Problem description: From the entries below, report how many lines contain the string "maker". Give only that number.

Data shown:

#####

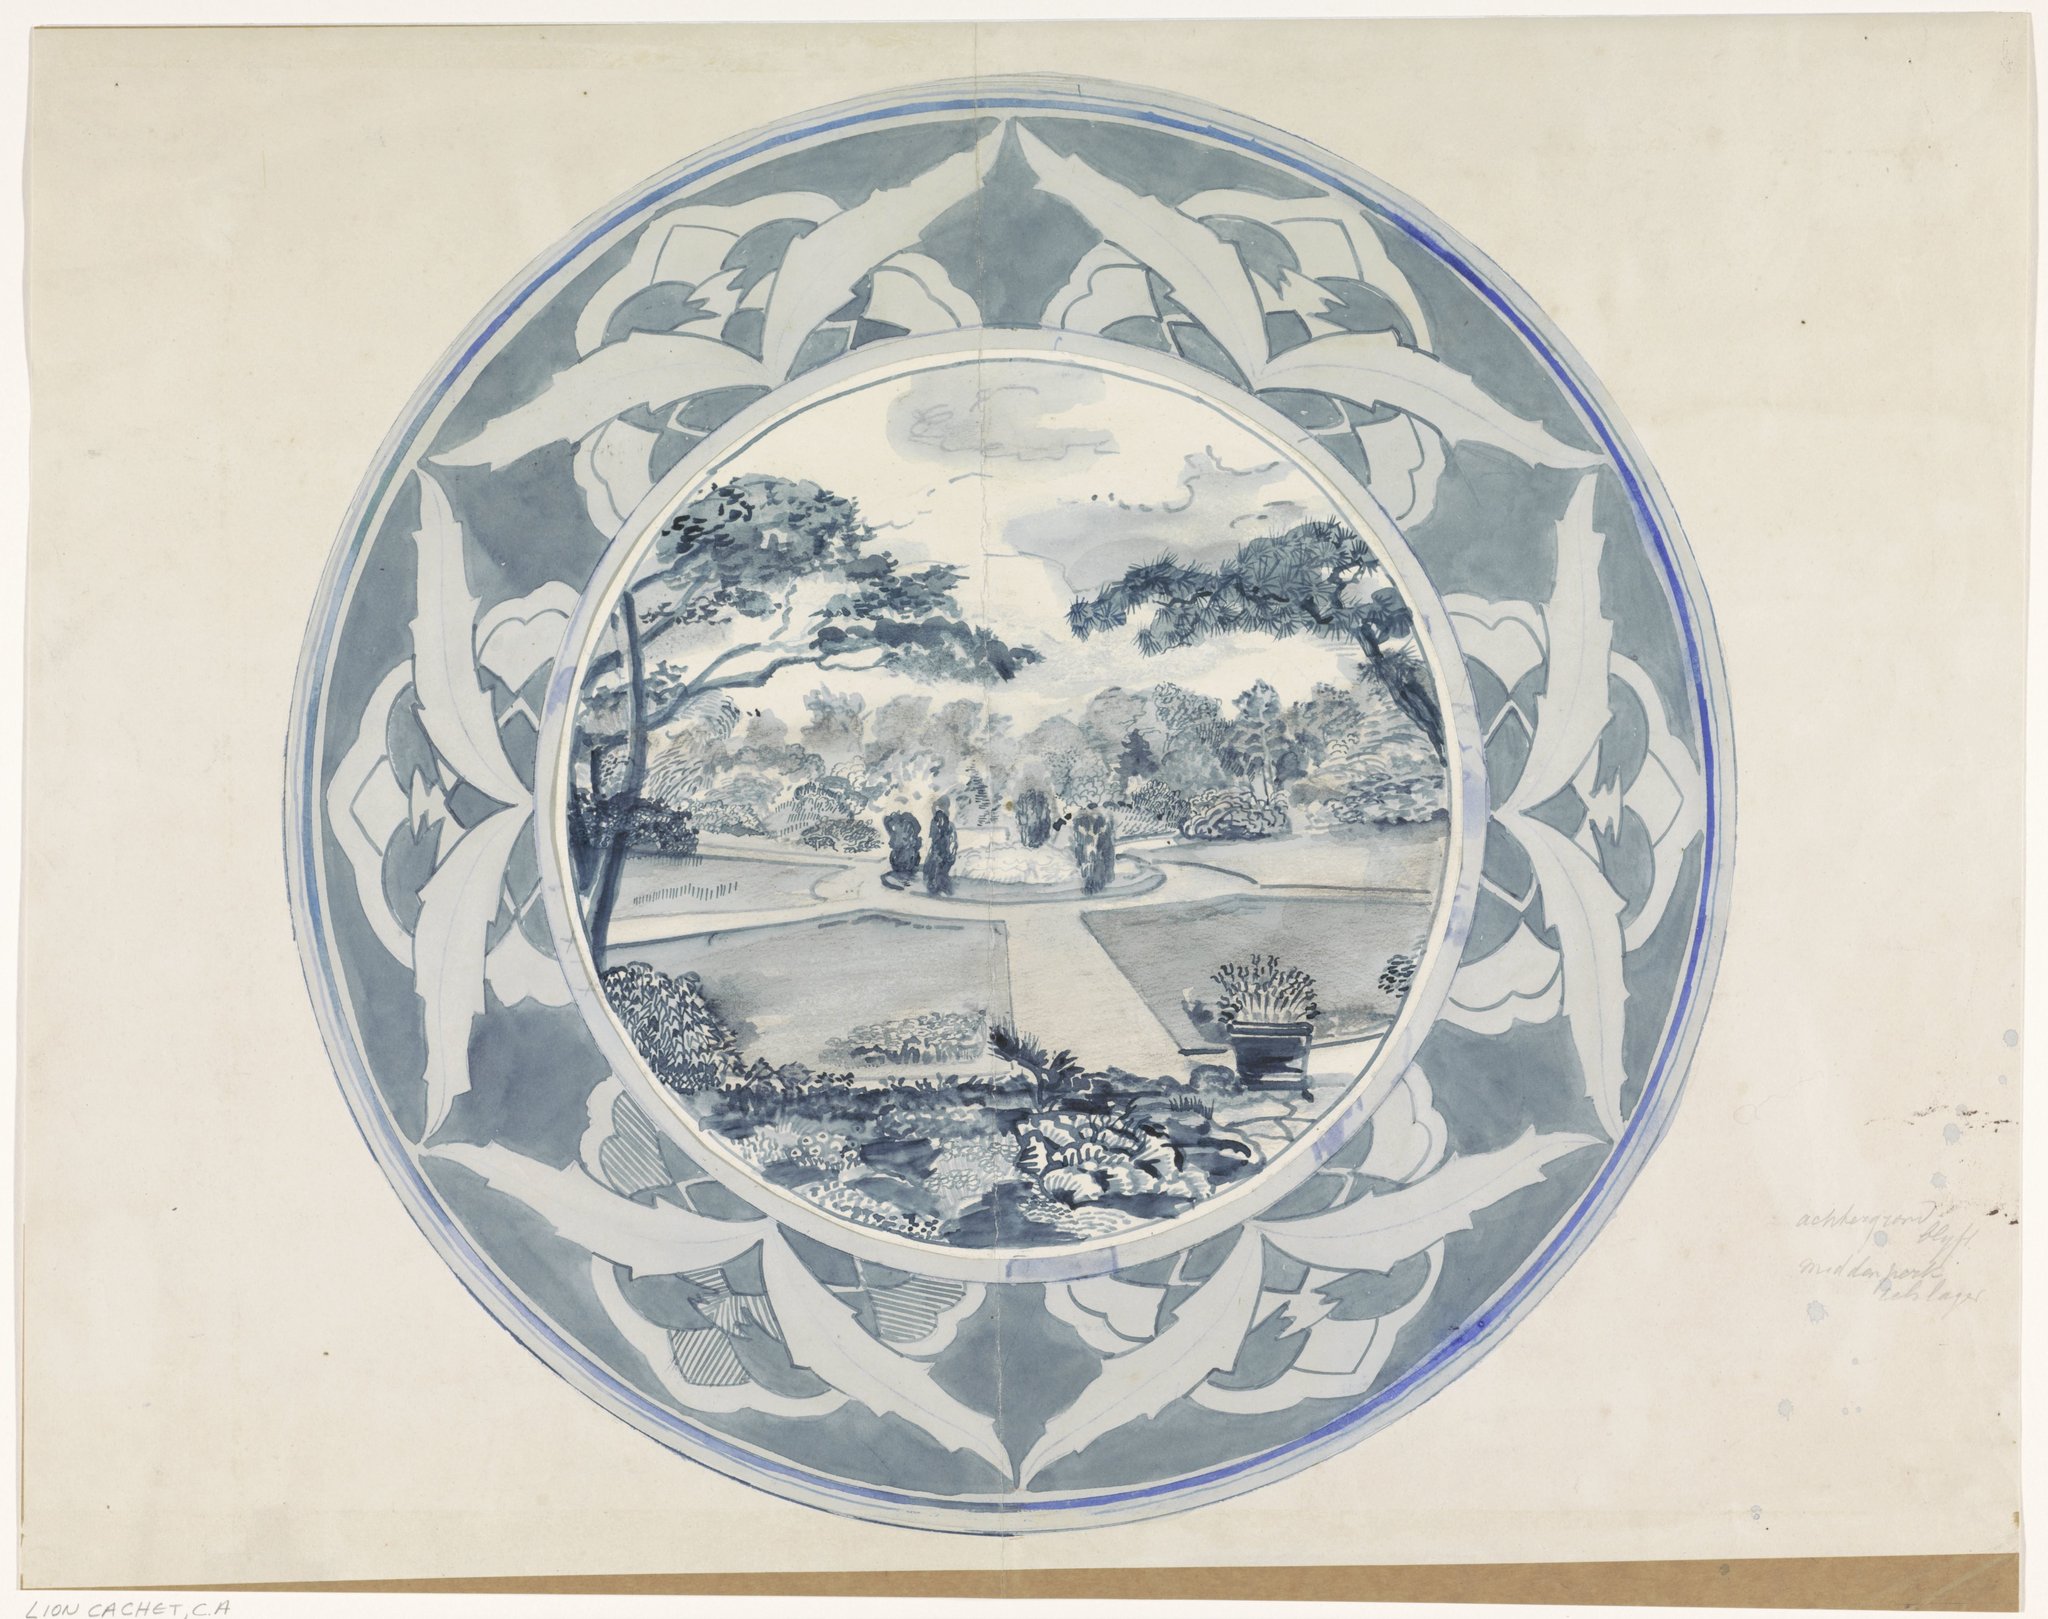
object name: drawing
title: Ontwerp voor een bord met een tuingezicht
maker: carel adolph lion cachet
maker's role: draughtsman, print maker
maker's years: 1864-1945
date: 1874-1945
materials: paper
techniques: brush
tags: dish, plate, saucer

#####

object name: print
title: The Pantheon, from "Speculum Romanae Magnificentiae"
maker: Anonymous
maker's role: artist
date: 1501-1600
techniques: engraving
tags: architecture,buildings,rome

#####

Completed exercise: 5